Schelling’s model achieves several of the goals outlined above. It identifies an important, possible cause of a critically important phenomena. It does so by exploring a certain type of counterfactual—where there is no explicit discriminatory policy—regarding a complex social system.

Of course, we could go on. The social sciences are replete with examples of mathematical models and simulations achieving these various ends. But why do we think simulations are more reliable when social dynamics are concerned? Thought experiments, some argue, are successful in part because they require us to visualize a situation or event. Because some mental images are (i) easy to remember, (ii) surveyable, and (iii) manipulable (because they omit and distort), thought experiments might be effective tools for exploring the logical relationships among various philosophical and scientific principles. Further, mental images might also encode implicit, non-propositional knowledge that would be nearly impossible to use otherwise.

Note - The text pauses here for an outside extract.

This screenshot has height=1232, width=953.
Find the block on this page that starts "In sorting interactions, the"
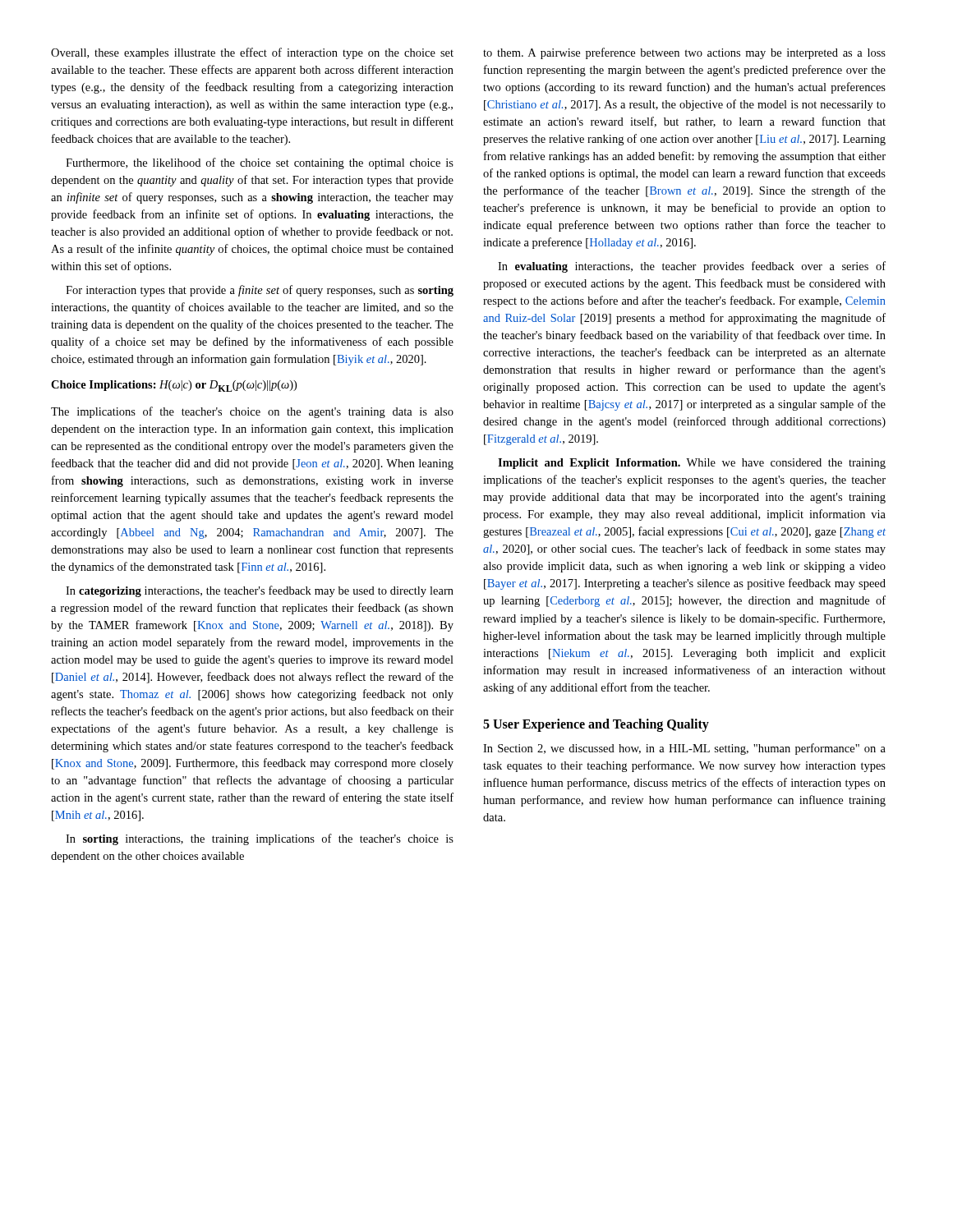coord(252,848)

But, when thought experiments concern social systems, there is good reason to suspect our imagination is much less reliable. Social systems are complex in several ways that mechanical systems are not.¹⁷

Imagined social systems often contain more interacting agents than imagined physical ones. Kant asks us to imagine a society filled of people breaking promises, whereas Galileo asks us to imagine a single ball and plane. Further, the complexity and number of variables in imagined social systems is typically larger than that of mechanical systems; Galileo asks us to consider only the shape, weight, and speed of objects; Kant asks to consider the beliefs, desires, intentions, etc. of people.

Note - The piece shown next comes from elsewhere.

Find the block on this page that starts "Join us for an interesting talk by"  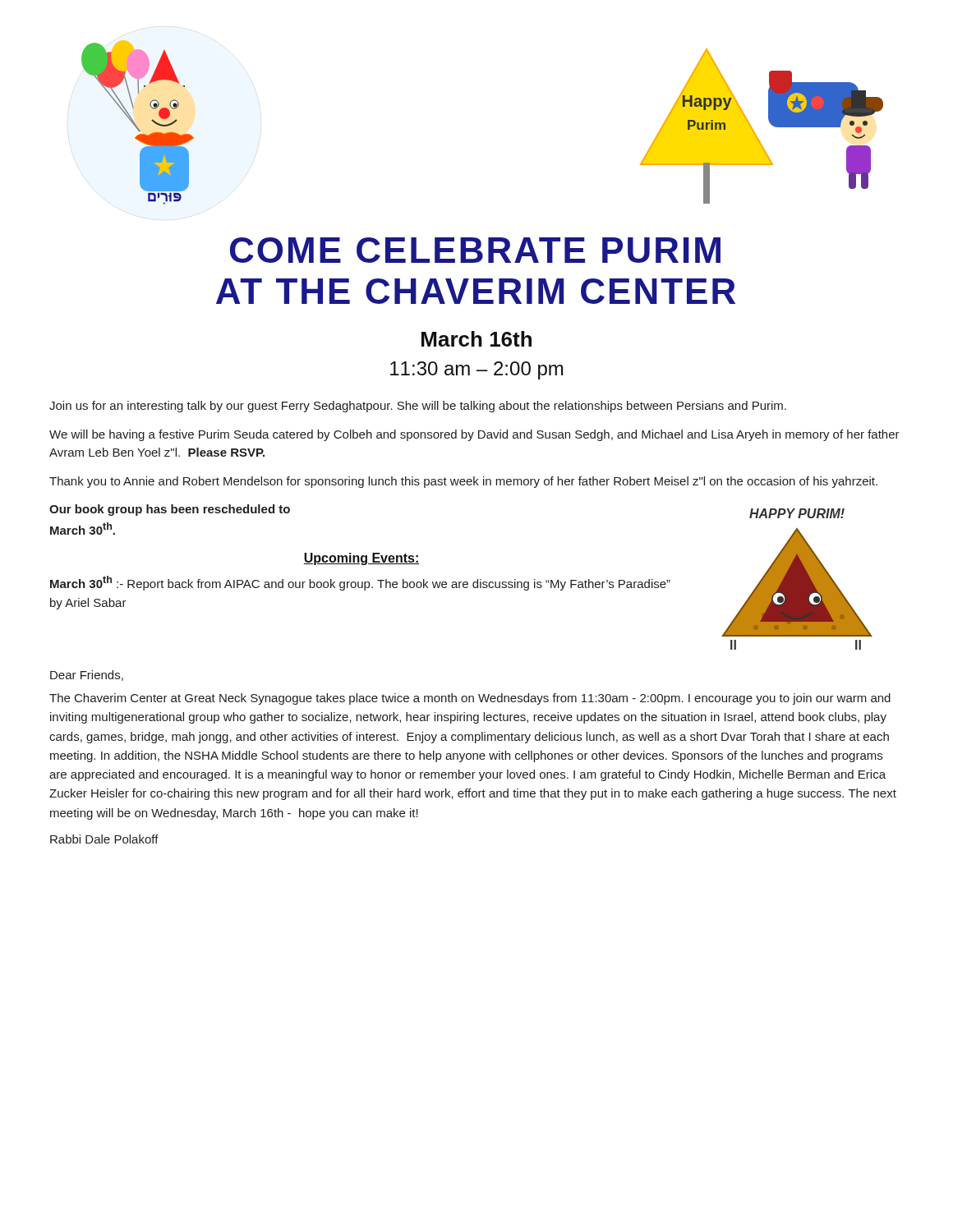tap(418, 405)

Thought experiments about social dynamics are even more complicated. Equations governing the motion of mechanical objects are often geometrically representable (and so visualizable); the dynamical laws of social systems are typically not. Basic mechanical systems are more-or-less deterministic; most social systems are probabilistic.

Finally, our “implicit knowledge” of social systems is often not knowledge at all. Mach argues that our experience provides us with a wealth of mechanical knowledge, but his argument (if successful at all) relies on the fact that physical laws are constant across space and time. Our personal experience of the physical world, therefore, can be used to make inferences about the mechanics of objects at different times and places, and under conditions we have not encountered. But social norms vary widely around the world and across time; there’s no reason to expect our local and recent experiences will help us understand the dynamics of societies with different norms, environments, and histories.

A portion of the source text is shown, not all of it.